** RECORD EXCERPTS follows **

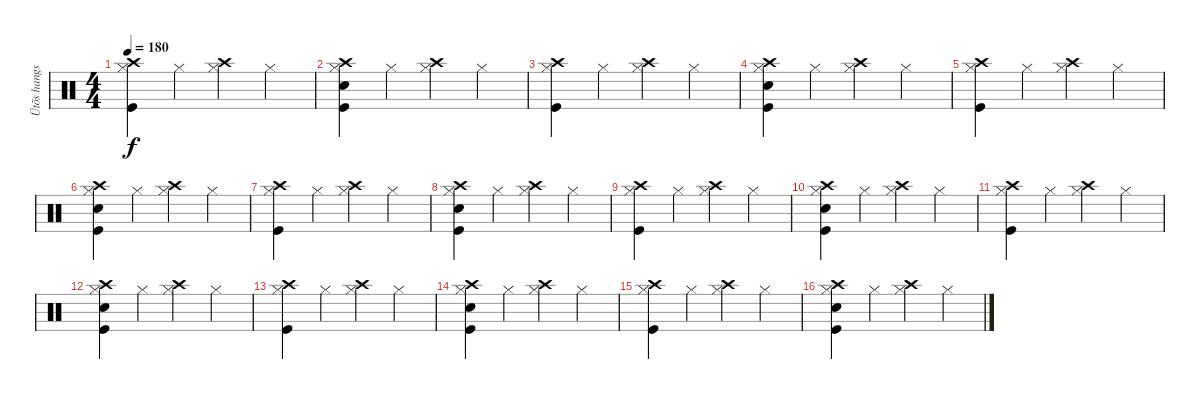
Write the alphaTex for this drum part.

\track ("Ütõs hangszer" "Ütõs hangs") {instrument percussion}
\staff {score}
\articulation defaults
\ts (4 4)
\tempo 180
\clef neutral
\ks c
("Hi-Hat (closed)" "Crash high (hit)" "Kick (hit)").4{dy f} "Hi-Hat (closed)".4 ("Hi-Hat (closed)" "Crash high (hit)").4 "Hi-Hat (closed)".4 |
("Hi-Hat (closed)" "Electric Snare (hit)" "Crash high (hit)" "Kick (hit)").4 "Hi-Hat (closed)".4 ("Hi-Hat (closed)" "Crash high (hit)").4 "Hi-Hat (closed)".4 |
("Hi-Hat (closed)" "Crash high (hit)" "Kick (hit)").4 "Hi-Hat (closed)".4 ("Hi-Hat (closed)" "Crash high (hit)").4 "Hi-Hat (closed)".4 |
("Hi-Hat (closed)" "Electric Snare (hit)" "Crash high (hit)" "Kick (hit)").4 "Hi-Hat (closed)".4 ("Hi-Hat (closed)" "Crash high (hit)").4 "Hi-Hat (closed)".4 |
("Hi-Hat (closed)" "Crash high (hit)" "Kick (hit)").4 "Hi-Hat (closed)".4 ("Hi-Hat (closed)" "Crash high (hit)").4 "Hi-Hat (closed)".4 |
("Hi-Hat (closed)" "Electric Snare (hit)" "Crash high (hit)" "Kick (hit)").4 "Hi-Hat (closed)".4 ("Hi-Hat (closed)" "Crash high (hit)").4 "Hi-Hat (closed)".4 |
("Hi-Hat (closed)" "Crash high (hit)" "Kick (hit)").4 "Hi-Hat (closed)".4 ("Hi-Hat (closed)" "Crash high (hit)").4 "Hi-Hat (closed)".4 |
("Hi-Hat (closed)" "Electric Snare (hit)" "Crash high (hit)" "Kick (hit)").4 "Hi-Hat (closed)".4 ("Hi-Hat (closed)" "Crash high (hit)").4 "Hi-Hat (closed)".4 |
("Hi-Hat (closed)" "Crash high (hit)" "Kick (hit)").4 "Hi-Hat (closed)".4 ("Hi-Hat (closed)" "Crash high (hit)").4 "Hi-Hat (closed)".4 |
("Hi-Hat (closed)" "Electric Snare (hit)" "Crash high (hit)" "Kick (hit)").4 "Hi-Hat (closed)".4 ("Hi-Hat (closed)" "Crash high (hit)").4 "Hi-Hat (closed)".4 |
("Hi-Hat (closed)" "Crash high (hit)" "Kick (hit)").4 "Hi-Hat (closed)".4 ("Hi-Hat (closed)" "Crash high (hit)").4 "Hi-Hat (closed)".4 |
("Hi-Hat (closed)" "Electric Snare (hit)" "Crash high (hit)" "Kick (hit)").4 "Hi-Hat (closed)".4 ("Hi-Hat (closed)" "Crash high (hit)").4 "Hi-Hat (closed)".4 |
("Hi-Hat (closed)" "Crash high (hit)" "Kick (hit)").4 "Hi-Hat (closed)".4 ("Hi-Hat (closed)" "Crash high (hit)").4 "Hi-Hat (closed)".4 |
("Hi-Hat (closed)" "Electric Snare (hit)" "Crash high (hit)" "Kick (hit)").4 "Hi-Hat (closed)".4 ("Hi-Hat (closed)" "Crash high (hit)").4 "Hi-Hat (closed)".4 |
("Hi-Hat (closed)" "Crash high (hit)" "Kick (hit)").4 "Hi-Hat (closed)".4 ("Hi-Hat (closed)" "Crash high (hit)").4 "Hi-Hat (closed)".4 |
("Hi-Hat (closed)" "Electric Snare (hit)" "Crash high (hit)" "Kick (hit)").4 "Hi-Hat (closed)".4 ("Hi-Hat (closed)" "Crash high (hit)").4 "Hi-Hat (closed)".4
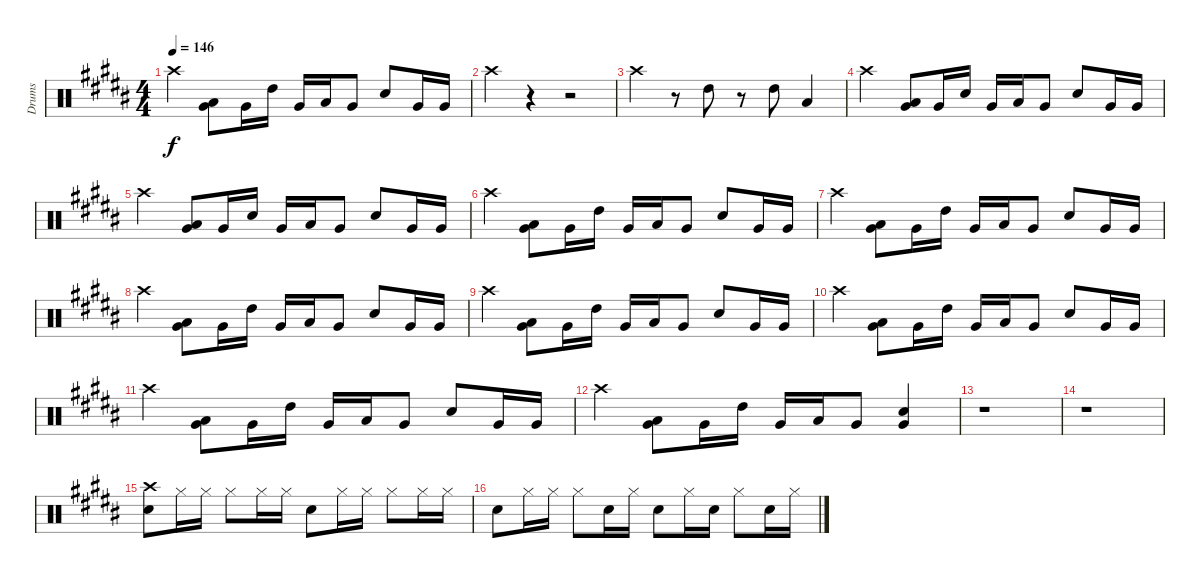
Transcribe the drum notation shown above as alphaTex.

\track ("Drums" "Drums") {instrument percussion}
\staff {score}
\articulation defaults
\ts (4 4)
\tempo 146
\clef neutral
\ks b "Crash high (hit)".4{dy f}
("Low Tom (hit)" "Very Low Tom (hit)").8 "Very Low Tom (hit)".16 "High Tom (hit)".16 "Very Low Tom (hit)".16 "Low Tom (hit)".16 "Very Low Tom (hit)".8 "Snare (hit) 2".8 "Very Low Tom (hit)".16 "Very Low Tom (hit)".16 |
"Crash high (hit)".4 r.4 r.2 |
"Crash high (hit)".4 r.8 "High Tom (hit)".8 r.8 "High Tom (hit)".8 "Low Tom (hit)".4 |
"Crash high (hit)".4 ("Low Tom (hit)" "Very Low Tom (hit)").8 "Very Low Tom (hit)".16 "Snare (hit) 2".16 "Very Low Tom (hit)".16 "Low Tom (hit)".16 "Very Low Tom (hit)".8 "Snare (hit) 2".8 "Very Low Tom (hit)".16 "Very Low Tom (hit)".16 |
"Crash high (hit)".4 ("Low Tom (hit)" "Very Low Tom (hit)").8 "Very Low Tom (hit)".16 "Snare (hit) 2".16 "Very Low Tom (hit)".16 "Low Tom (hit)".16 "Very Low Tom (hit)".8 "Snare (hit) 2".8 "Very Low Tom (hit)".16 "Very Low Tom (hit)".16 |
"Crash high (hit)".4 ("Low Tom (hit)" "Very Low Tom (hit)").8 "Very Low Tom (hit)".16 "High Tom (hit)".16 "Very Low Tom (hit)".16 "Low Tom (hit)".16 "Very Low Tom (hit)".8 "Snare (hit) 2".8 "Very Low Tom (hit)".16 "Very Low Tom (hit)".16 |
"Crash high (hit)".4 ("Low Tom (hit)" "Very Low Tom (hit)").8 "Very Low Tom (hit)".16 "High Tom (hit)".16 "Very Low Tom (hit)".16 "Low Tom (hit)".16 "Very Low Tom (hit)".8 "Snare (hit) 2".8 "Very Low Tom (hit)".16 "Very Low Tom (hit)".16 |
"Crash high (hit)".4 ("Low Tom (hit)" "Very Low Tom (hit)").8 "Very Low Tom (hit)".16 "High Tom (hit)".16 "Very Low Tom (hit)".16 "Low Tom (hit)".16 "Very Low Tom (hit)".8 "Snare (hit) 2".8 "Very Low Tom (hit)".16 "Very Low Tom (hit)".16 |
"Crash high (hit)".4 ("Low Tom (hit)" "Very Low Tom (hit)").8 "Very Low Tom (hit)".16 "High Tom (hit)".16 "Very Low Tom (hit)".16 "Low Tom (hit)".16 "Very Low Tom (hit)".8 "Snare (hit) 2".8 "Very Low Tom (hit)".16 "Very Low Tom (hit)".16 |
"Crash high (hit)".4 ("Low Tom (hit)" "Very Low Tom (hit)").8 "Very Low Tom (hit)".16 "High Tom (hit)".16 "Very Low Tom (hit)".16 "Low Tom (hit)".16 "Very Low Tom (hit)".8 "Snare (hit) 2".8 "Very Low Tom (hit)".16 "Very Low Tom (hit)".16 |
"Crash high (hit)".4 ("Low Tom (hit)" "Very Low Tom (hit)").8 "Very Low Tom (hit)".16 "High Tom (hit)".16 "Very Low Tom (hit)".16 "Low Tom (hit)".16 "Very Low Tom (hit)".8 "Snare (hit) 2".8 "Very Low Tom (hit)".16 "Very Low Tom (hit)".16 |
"Crash high (hit)".4 ("Low Tom (hit)" "Very Low Tom (hit)").8 "Very Low Tom (hit)".16 "High Tom (hit)".16 "Very Low Tom (hit)".16 "Low Tom (hit)".16 "Very Low Tom (hit)".8 ("Snare (hit) 2" "Very Low Tom (hit)").4 |
r.1 |
r.1 |
("Crash high (hit)" "Snare (hit) 2").8 "Hi-Hat (closed)".16 "Hi-Hat (closed)".16 "Hi-Hat (closed)".8 "Hi-Hat (closed)".16 "Hi-Hat (closed)".16 "Snare (hit) 2".8 "Hi-Hat (closed)".16 "Hi-Hat (closed)".16 "Hi-Hat (closed)".8 "Hi-Hat (closed)".16 "Hi-Hat (closed)".16 |
"Snare (hit) 2".8 "Hi-Hat (closed)".16 "Hi-Hat (closed)".16 "Hi-Hat (closed)".8 "Snare (hit) 2".16 "Hi-Hat (closed)".16 "Snare (hit) 2".8 "Hi-Hat (closed)".16 "Snare (hit) 2".16 "Hi-Hat (closed)".8 "Snare (hit) 2".16 "Hi-Hat (closed)".16

** End of RECORD EXCERPTS **

** EXERCISE DIRECTIONS **
Go through the records above. Copy each line in which the string "percussion" appears.

** WRITTEN REPLY **
\track ("Ütõs hangszer" "Ütõs hangs") {instrument percussion}
\track ("Drums" "Drums") {instrument percussion}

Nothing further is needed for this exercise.